En términos relativos, la riqueza neta de los hogares se elevó hasta el 156,8% del PIB, frente al 149,5% registrado un año antes. Este crecimiento se explica principalmente por la revalorización de activos financieros, especialmente participaciones en capital y fondos de inversión.
Pese al aumento del peso de la riqueza, la deuda de los hogares repuntó ligeramente en términos absolutos, hasta los 723.000 millones de euros, un 3,9% más que en 2024. No obstante, el crecimiento de la economía permitió reducir su peso relativo sobre el PIB.
Uno de los cambios más destacados en la composición del ahorro es la pérdida de protagonismo del efectivo y los depósitos, que se sitúan en mínimos de los últimos 30 años, aunque todavía representan el 33,4% del total de activos financieros. En paralelo, las inversiones en acciones y fondos de inversión ganan terreno y ya concentran cerca del 32,3% del total.
En cuanto a los flujos, las operaciones financieras de los hogares registraron un aumento significativo en 2025, con 95.000 millones de euros, equivalentes al 5,6% del PIB, impulsadas tanto por la inversión en depósitos como en fondos. Por el lado del pasivo, también se incrementaron las operaciones, principalmente por el mayor recurso al crédito.

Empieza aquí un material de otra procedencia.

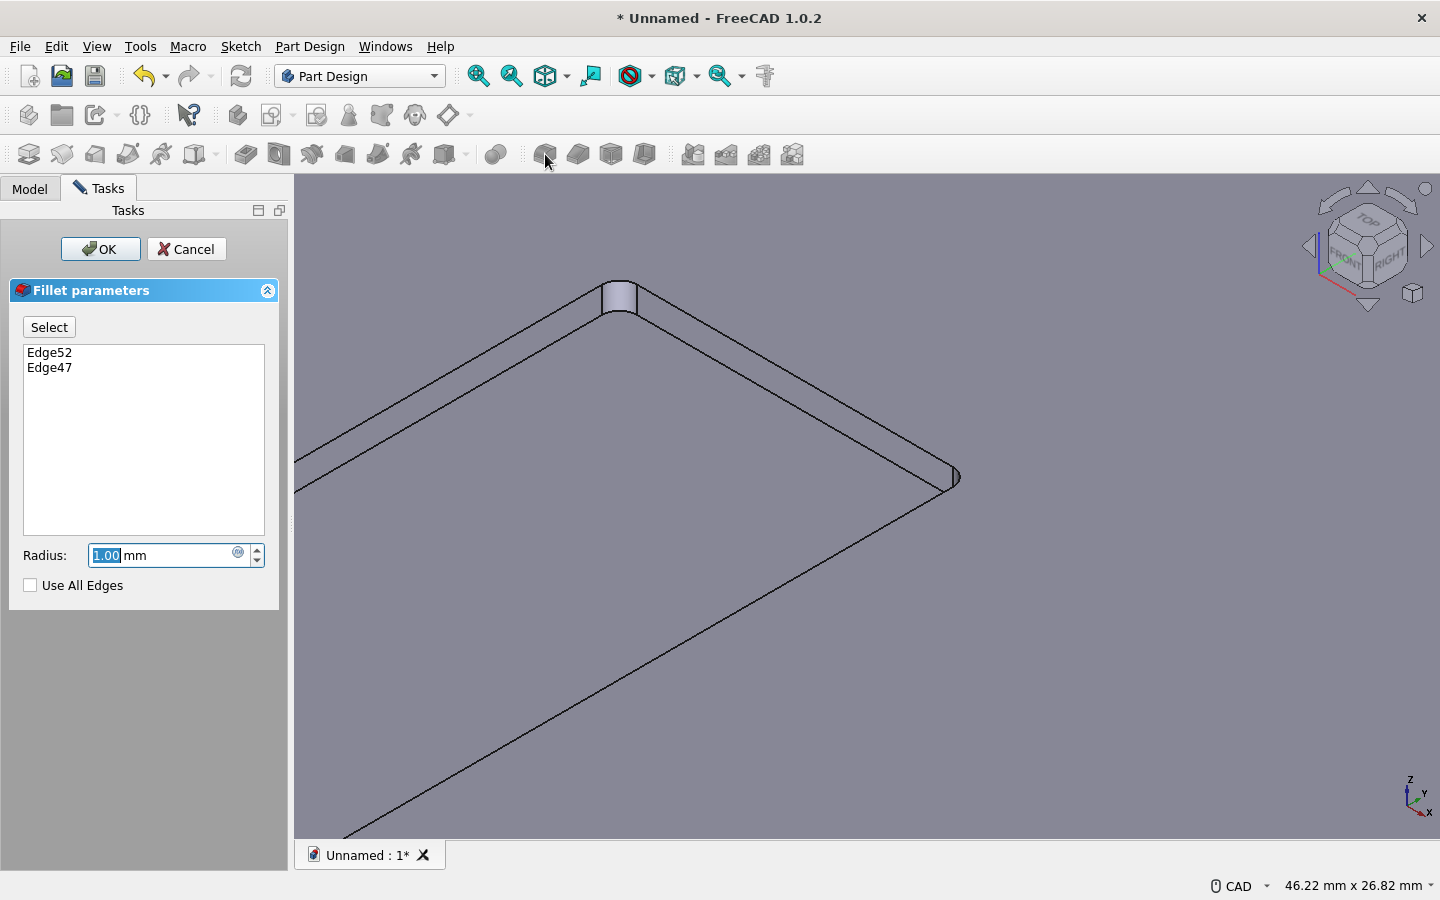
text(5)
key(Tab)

Empresas: deuda en mínimos desde 2001
El informe refleja también una mejora en la posición financiera de las empresas. Aunque su deuda total aumentó ligeramente hasta 1,056 billones de euros, su peso sobre el PIB descendió hasta el 62,6%, el nivel más bajo desde el tercer trimestre de 2001.
Las inversiones empresariales se centraron en acciones no cotizadas y otras participaciones en capital, mientras que las operaciones de financiación se mantuvieron en niveles similares a los últimos años, con un ligero repunte.
Más financiación neta en la economía
En conjunto, la economía española registró una financiación neta positiva de 71.000 millones de euros en 2025, equivalente al 4,2% del PIB, el mayor porcentaje de las últimas tres décadas.
Los hogares reforzaron su capacidad de financiación, situándola en el 3,6% del PIB, mientras que las administraciones públicas redujeron su necesidad de financiación hasta el -2,4%. Por su parte, tanto empresas como instituciones financieras moderaron su aportación en comparación con los años anteriores.
Estos datos reflejan una mejora general de los balances de los distintos sectores, con un desapalancamiento progresivo en términos relativos y un mayor peso de los activos financieros en un contexto de crecimiento económico.